Cold Weather Safety

Cold Weather Safety

POSTED: Monday, November 30, 2009 - 11:11am

UPDATED: Wednesday, February 17, 2010 - 2:25pm

weather safety

With the arrival of a colder weather in our city, El Paso Fire Department Officials remind the public how important it is to take the necessary safety precautions to prevent heating fires in the home. Many of these fires and injuries can be prevented through proper use and maintenance of heating systems and equipment.

Heating is the second leading cause of all residential building fires (behind cooking fires) and is most prevalent during colder weather when the use of central heating systems, portable heaters, and fireplaces is most common. Over one quarter of residential building heating fires result from improper maintenance of heating equipment, specifically the failure to clean the equipment.

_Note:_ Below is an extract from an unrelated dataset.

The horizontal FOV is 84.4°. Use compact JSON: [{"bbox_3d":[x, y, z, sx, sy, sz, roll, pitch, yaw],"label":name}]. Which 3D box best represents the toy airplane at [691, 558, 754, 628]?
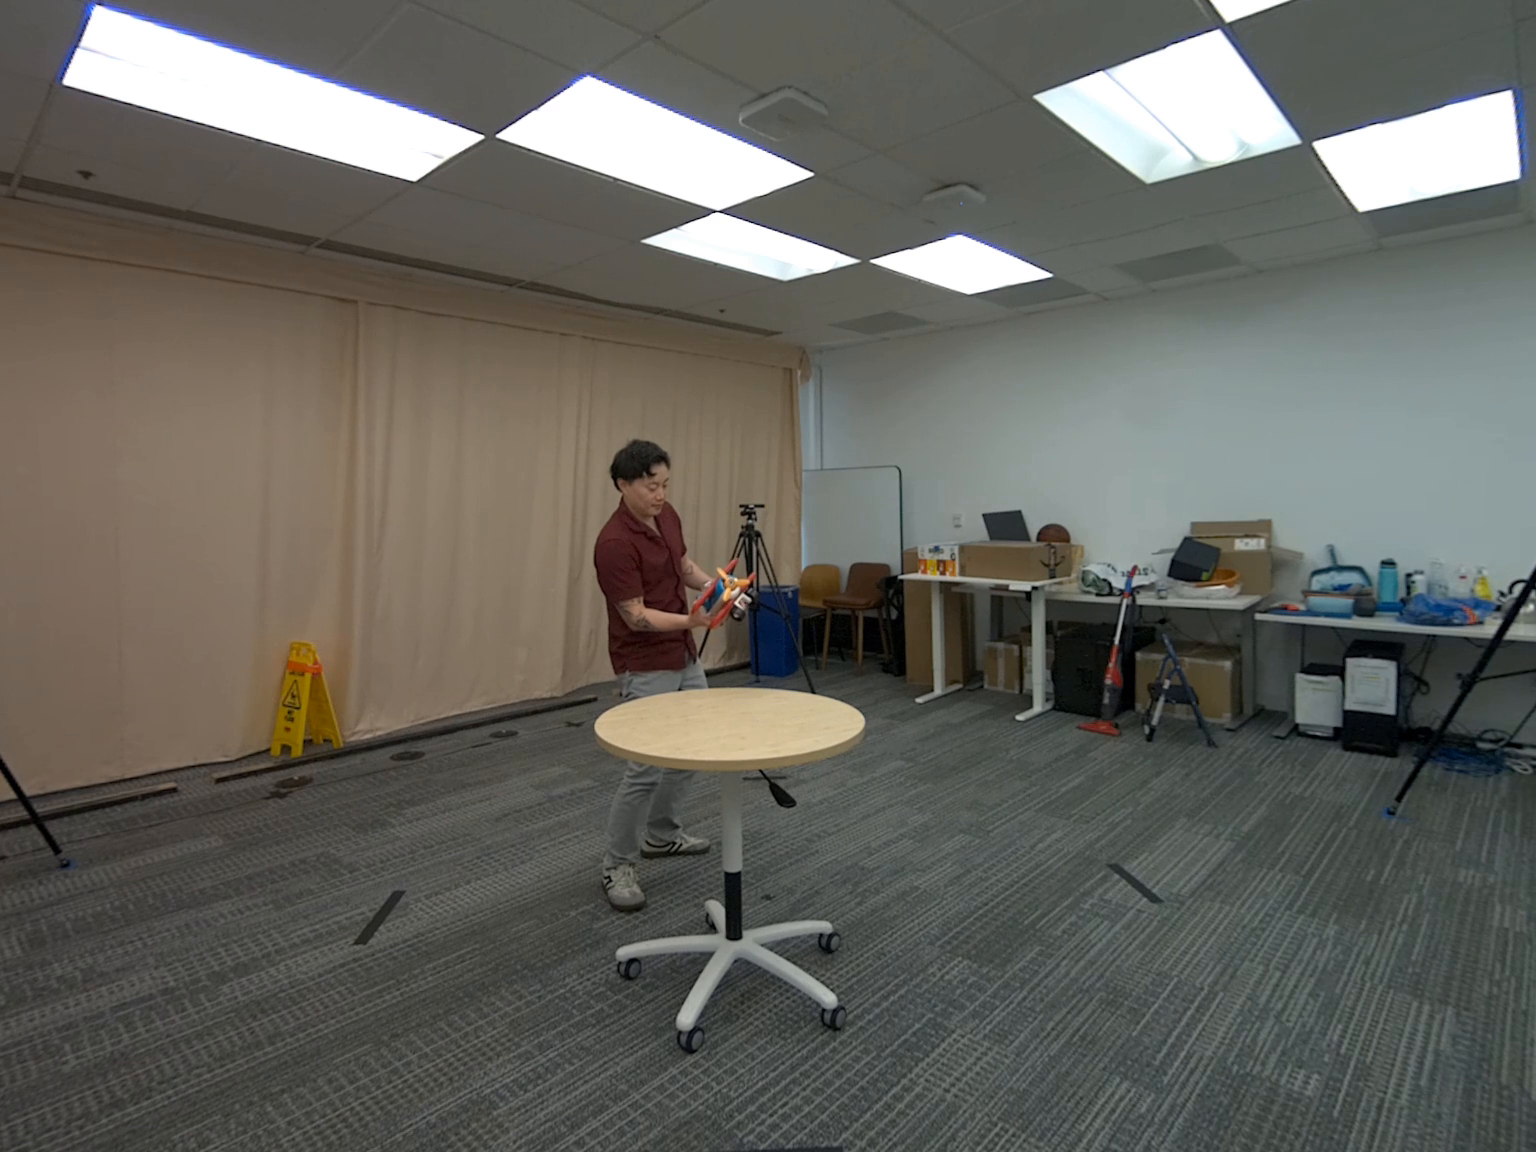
[{"bbox_3d":[-0.158,0.093,2.849,0.263,0.154,0.251,-35,15,30],"label":"toy airplane"}]
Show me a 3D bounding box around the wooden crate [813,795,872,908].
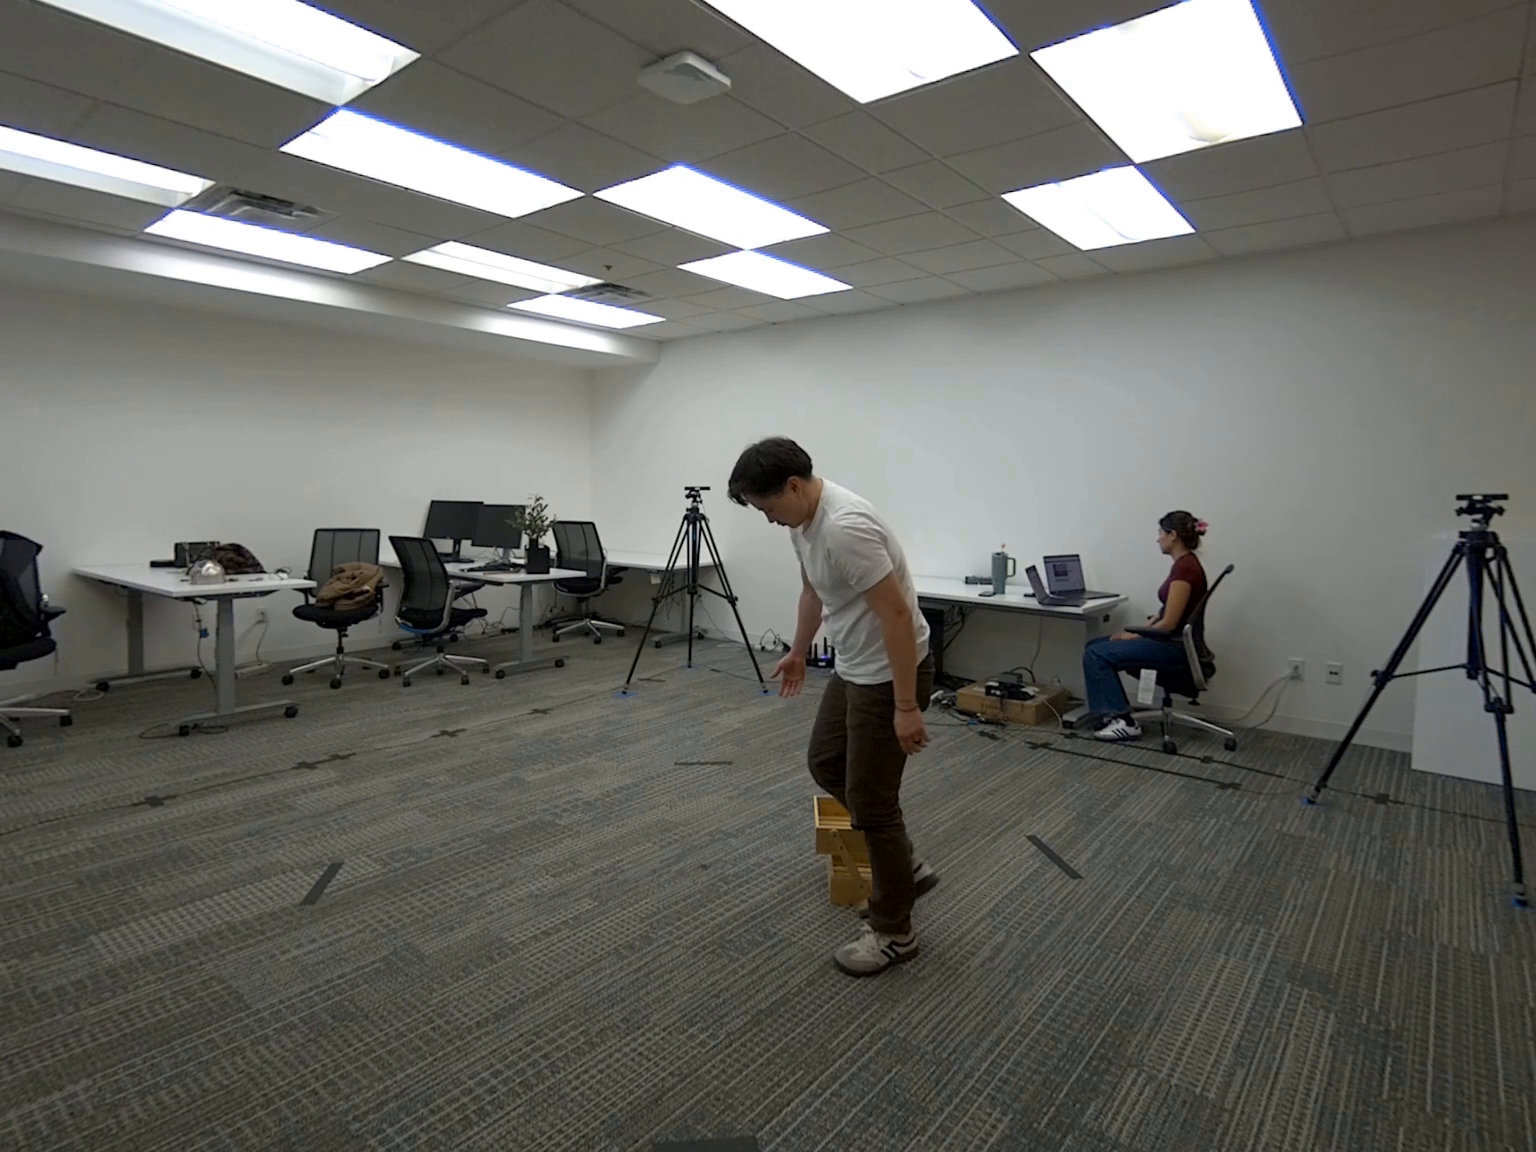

El Paso Fire Officials Offer these Heater and Fire Place Safety Tips:
Heater safety tips:

Use a heater that has been tested to the latest safety standards and certified by a nationally recognized testing laboratory. These heaters will have the most up-to-date safety features; older space heaters may not meet the newer safety standards.

Place the heater on a level, hard and nonflammable surface, not on rugs or carpets or near bedding or drapes. Keep the heater at least three feet from bedding, drapes, furniture and other flammable materials.
Keep doors open to the rest of the house if you are using an unvented fuel-burning space heater. Make sure your heater meets current safety standards to shut off if oxygen levels fall too low. Make sure your heater is correctly rated for your home. An oversized heater could deplete the available oxygen, causing excess carbon monoxide to be produced.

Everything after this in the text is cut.